▸ **WORK REQUIRED**
Please copy out the entries below exactly, beginning with the line that contains "What 3D bounding" and ending with the line that contains "Order: left to right.", and include nothing outside that span.

▸ **MATERIAL FOR THIS TASK**
▬▬▬▬▬▬▬▬▬▬

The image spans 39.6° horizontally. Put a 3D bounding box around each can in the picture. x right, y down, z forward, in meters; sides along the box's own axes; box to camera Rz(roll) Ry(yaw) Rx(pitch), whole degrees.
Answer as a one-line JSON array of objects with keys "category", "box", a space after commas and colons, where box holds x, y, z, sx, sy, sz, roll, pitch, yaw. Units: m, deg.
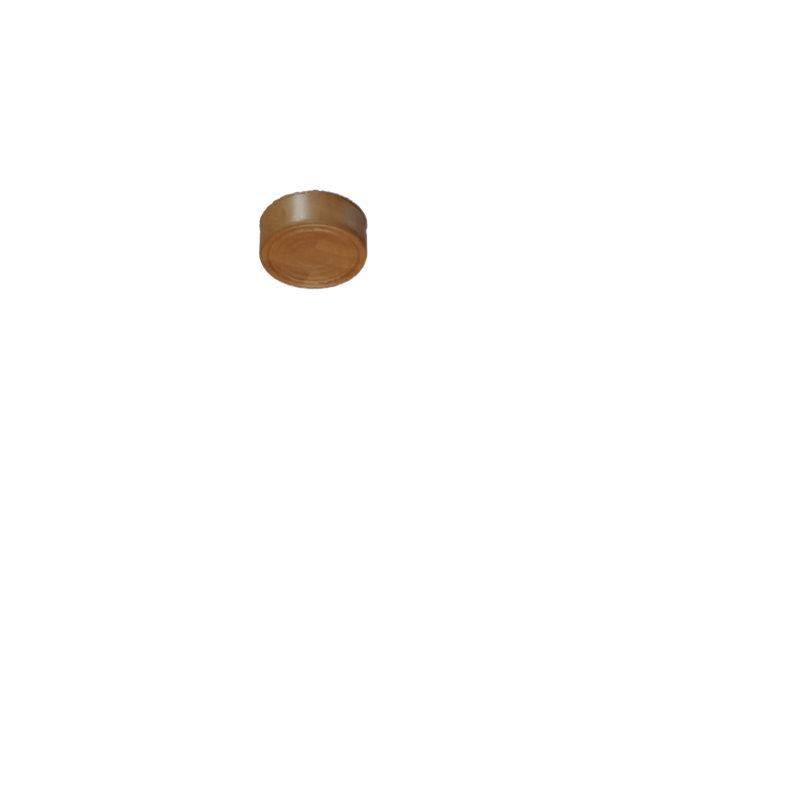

▬▬▬▬▬▬▬▬▬▬

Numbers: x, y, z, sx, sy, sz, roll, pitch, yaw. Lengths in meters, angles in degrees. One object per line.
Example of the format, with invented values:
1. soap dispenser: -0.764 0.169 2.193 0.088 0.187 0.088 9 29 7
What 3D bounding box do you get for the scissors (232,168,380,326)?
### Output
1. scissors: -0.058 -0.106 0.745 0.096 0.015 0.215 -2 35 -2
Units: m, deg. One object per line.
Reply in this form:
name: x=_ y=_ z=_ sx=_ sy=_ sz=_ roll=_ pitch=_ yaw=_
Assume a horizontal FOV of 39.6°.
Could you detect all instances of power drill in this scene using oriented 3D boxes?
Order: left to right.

▬▬▬▬▬▬▬▬▬▬

▸ **TASK RESULT**
What 3D bounding box do you get for the scissors (232,168,380,326)?
### Output
1. scissors: -0.058 -0.106 0.745 0.096 0.015 0.215 -2 35 -2
Units: m, deg. One object per line.
Reply in this form:
name: x=_ y=_ z=_ sx=_ sy=_ sz=_ roll=_ pitch=_ yaw=_
Assume a horizontal FOV of 39.6°.
Could you detect all instances of power drill in this scene using oriented 3D boxes?
Order: left to right.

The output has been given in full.